Caring for these children has to be a team effort with all family members involved, the women agreed.
LaCorte said that it is hard to get a break, and that is why help by family members and a support system is crucial.
"You can't take your eyes off of them for one minute. It's very exhausting," she said.
It was the general consensus that no one understands autism better than a parent. Every day is different, and they must be hands-on constantly. They cannot keep themselves entertained like other children.
Braden and Abella have made huge strides. They both love school, learning and being with their peers. Abella's birthday is Dec. 5, and this was the first year that she seemed to really understand what her birthday was all about.
Dean and her family are looking forward to Christmas, because for them, this is the first year that Braden understands what the holidays are about. All said they feel blessed by this breakthrough.
The toddlers have expanded their vocabularies, and are easier to communicate with, but that does not mean life is easier for the families or the children.
Seizures are common with autistic children. Bishop said that Abella has been fortunate to have never suffered from this. Dean said that Braden has little spells where he shakes on occasion, but he has never had seizures. His bouts of shaking are happening less often.
It is sometimes difficult when the children have one of their tantrums in public. Others around them don't understand, and the parents are busy dealing with the situation, so there is not really time to try to explain to others what is happening. People will make unkind comments and even though the families learn to look past it, it is still hurtful.
They said that they would appreciate if people would stop before they speak when they don't really know what is happening.
How to participate
To participate in the research program, a child must have a formal diagnosis of an Autistic Spectrum Disorder and have had basic genetic testing.

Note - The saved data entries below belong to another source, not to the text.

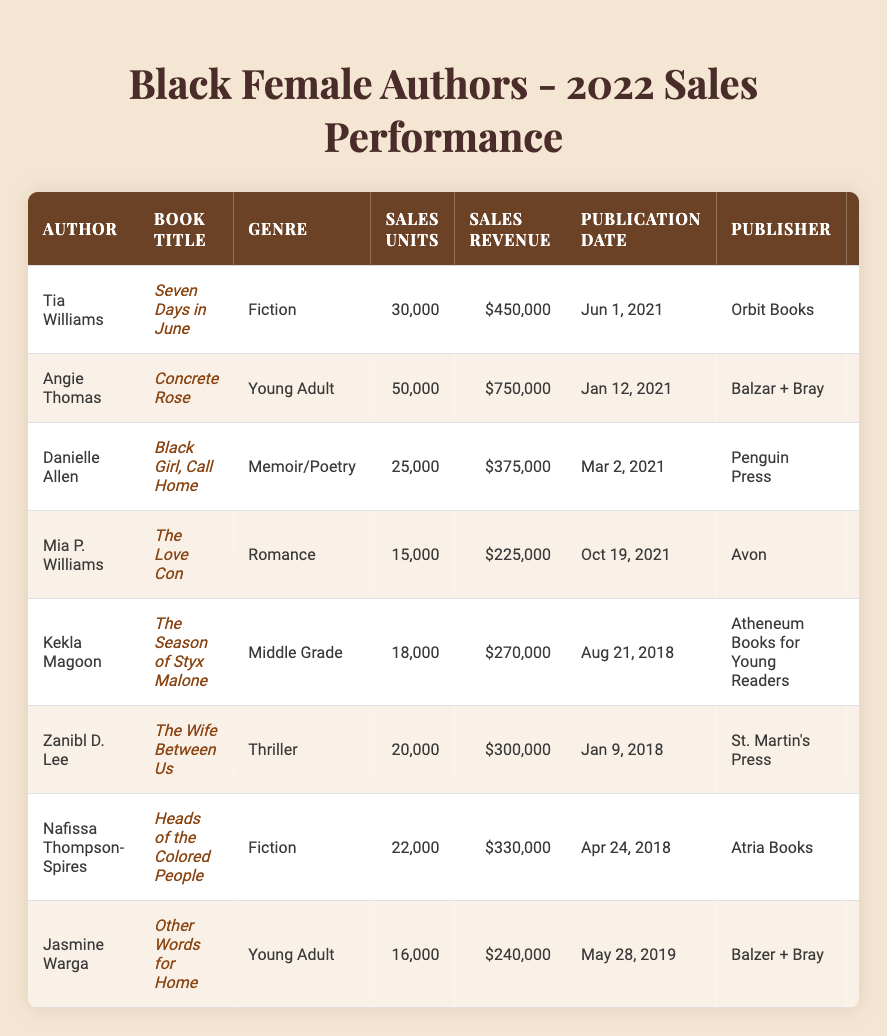What is the book title by Angie Thomas? The table lists the author's name as Angie Thomas; the corresponding book title next to her name is "Concrete Rose."
Answer: Concrete Rose How many sales units did Tia Williams’ book achieve? By locating Tia Williams in the table, the sales units column shows the number as 30,000.
Answer: 30,000 What is the total sales revenue for the books by Danielle Allen and Mia P. Williams combined? To find the total, look up the sales revenue for Danielle Allen, which is $375,000, and for Mia P. Williams, which is $225,000. Adding these gives: $375,000 + $225,000 = $600,000.
Answer: $600,000 Which author has the highest average rating? The average ratings for authors can be compared: Tia Williams: 4.5, Angie Thomas: 4.8, Danielle Allen: 4.6, Mia P. Williams: 4.3, Kekla Magoon: 4.4, Zanibl D. Lee: 4.2, Nafissa Thompson-Spires: 4.5, and Jasmine Warga: 4.6. The highest is Angie Thomas with 4.8.
Answer: Angie Thomas How many total reviews did all the authors receive? To find the total reviews, add together the number of reviews for each book: 1,200 + 2,300 + 900 + 640 + 500 + 760 + 860 + 700 = 7,860.
Answer: 7,860 Which book had the lowest sales revenue? By comparing the sales revenue, Mia P. Williams’ book "The Love Con" has the lowest revenue at $225,000, which is less than the other listed books.
Answer: The Love Con Did any of the books published in 2021 win an award? Checking the list, both "Seven Days in June" by Tia Williams and "Concrete Rose" by Angie Thomas, published in 2021, won awards. Therefore, the answer is yes.
Answer: Yes How many books listed fall under the genre "Young Adult"? The authors Angie Thomas and Jasmine Warga both authored "Concrete Rose" and "Other Words for Home," respectively. Therefore, there are 2 books in the "Young Adult" genre.
Answer: 2 What is the average sales units of all the books listed? To calculate the average, sum all sales units (30,000 + 50,000 + 25,000 + 15,000 + 18,000 + 20,000 + 22,000 + 16,000 = 206,000) and divide by the number of books (8): 206,000 / 8 = 25,750.
Answer: 25,750 Which author has the least number of reviews for their book? Reviews are as follows: 1,200(Tia Williams), 2,300(Angie Thomas), 900(Danielle Allen), 640(Mia P. Williams), 500(Kekla Magoon), 760(Zanibl D. Lee), 860(Nafissa Thompson-Spires), and 700(Jasmine Warga). The least are 500 reviews by Kekla Magoon.
Answer: Kekla Magoon Is there a relationship between the total sales revenue and the average rating? A quick look suggests that books with higher sales revenue (like "Concrete Rose" with $750,000) also tend to have higher average ratings (4.8). This suggests a positive correlation, but the exact relationship would require more specific statistical analysis. So, the answer is not definitively yes or no without further analysis.
Answer: Not definitively quantifiable 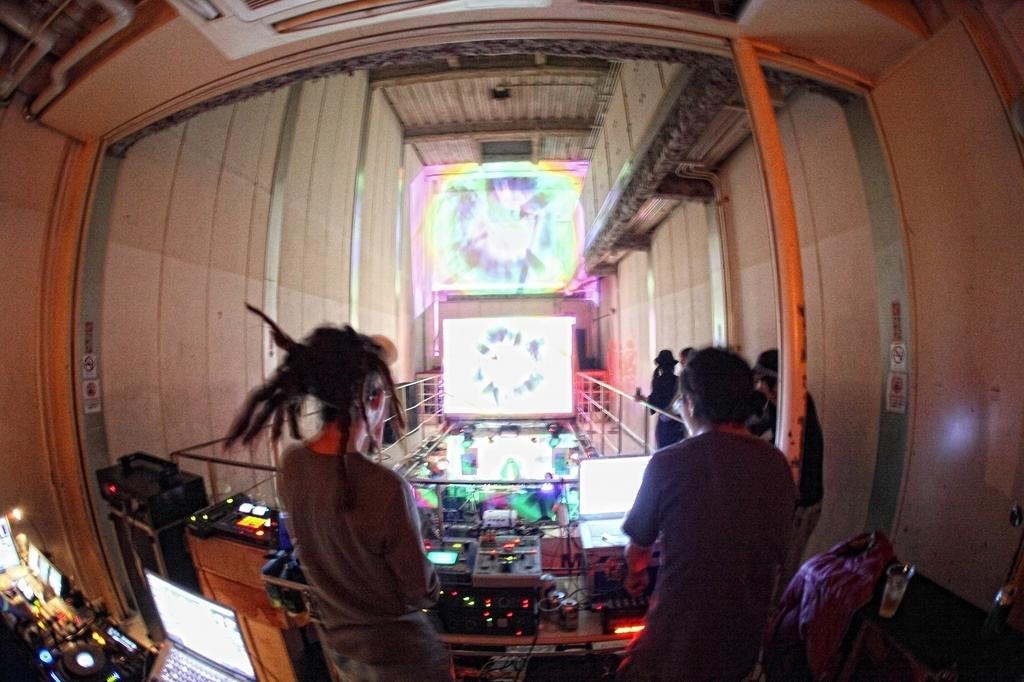How many people are in the image? There are people in the image, but the exact number is not specified. What electronic devices can be seen in the image? There are laptops in the image. What type of musical instruments are present in the image? There are musical instruments in the image. What connects the devices or instruments in the image? Cables are present in the image. What other objects can be seen in the image besides the people, laptops, and musical instruments? There are other objects in the image, but their specific nature is not mentioned. What architectural feature is visible in the image? There is a grille in the image. What type of surface is visible in the image? There is a wall in the image. What displays information or media in the image? There are screens in the image. What type of leg is visible in the image? There is no leg visible in the image. What type of bedroom is shown in the image? The image does not depict a bedroom; it contains people, laptops, musical instruments, cables, other objects, a grille, a wall, and screens. 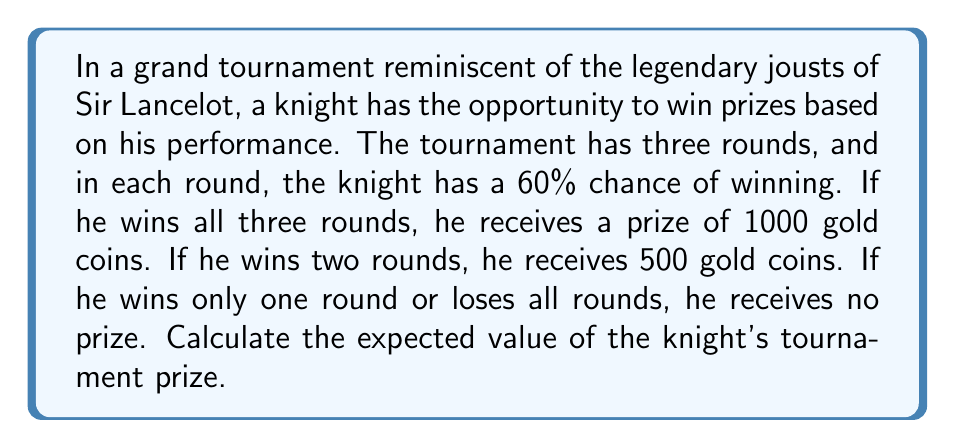Can you answer this question? To solve this problem, we need to follow these steps:

1) First, let's calculate the probabilities of each outcome:

   Win all 3 rounds: $P(3) = 0.6 \times 0.6 \times 0.6 = 0.216$
   Win exactly 2 rounds: $P(2) = \binom{3}{2} \times 0.6^2 \times 0.4 = 3 \times 0.6^2 \times 0.4 = 0.432$
   Win 1 or 0 rounds: $P(1 \text{ or } 0) = 1 - P(3) - P(2) = 1 - 0.216 - 0.432 = 0.352$

2) Now, let's assign the prizes to each outcome:

   Win all 3 rounds: 1000 gold coins
   Win exactly 2 rounds: 500 gold coins
   Win 1 or 0 rounds: 0 gold coins

3) The expected value is calculated by multiplying each possible outcome by its probability and then summing these products:

   $$E = (1000 \times 0.216) + (500 \times 0.432) + (0 \times 0.352)$$

4) Let's calculate each term:

   $1000 \times 0.216 = 216$
   $500 \times 0.432 = 216$
   $0 \times 0.352 = 0$

5) Now, we sum these values:

   $$E = 216 + 216 + 0 = 432$$

Therefore, the expected value of the knight's tournament prize is 432 gold coins.
Answer: The expected value of the knight's tournament prize is 432 gold coins.

Participants must be willing to give consent for parents and child, provide information about medical and family history and/or give permission to obtain medical records.
The child and both biological parents (if available) must also agree to donate a small amount of blood, and may be asked to complete one or more psychological tests.
The goal is to have about 250 families for a total of about 1,250 participants. There is no cost involved.
The research study is being led by Herman. Other doctors, clinicians and scientists will be involved in the study from Nationwide and Wright-Patterson's hospital.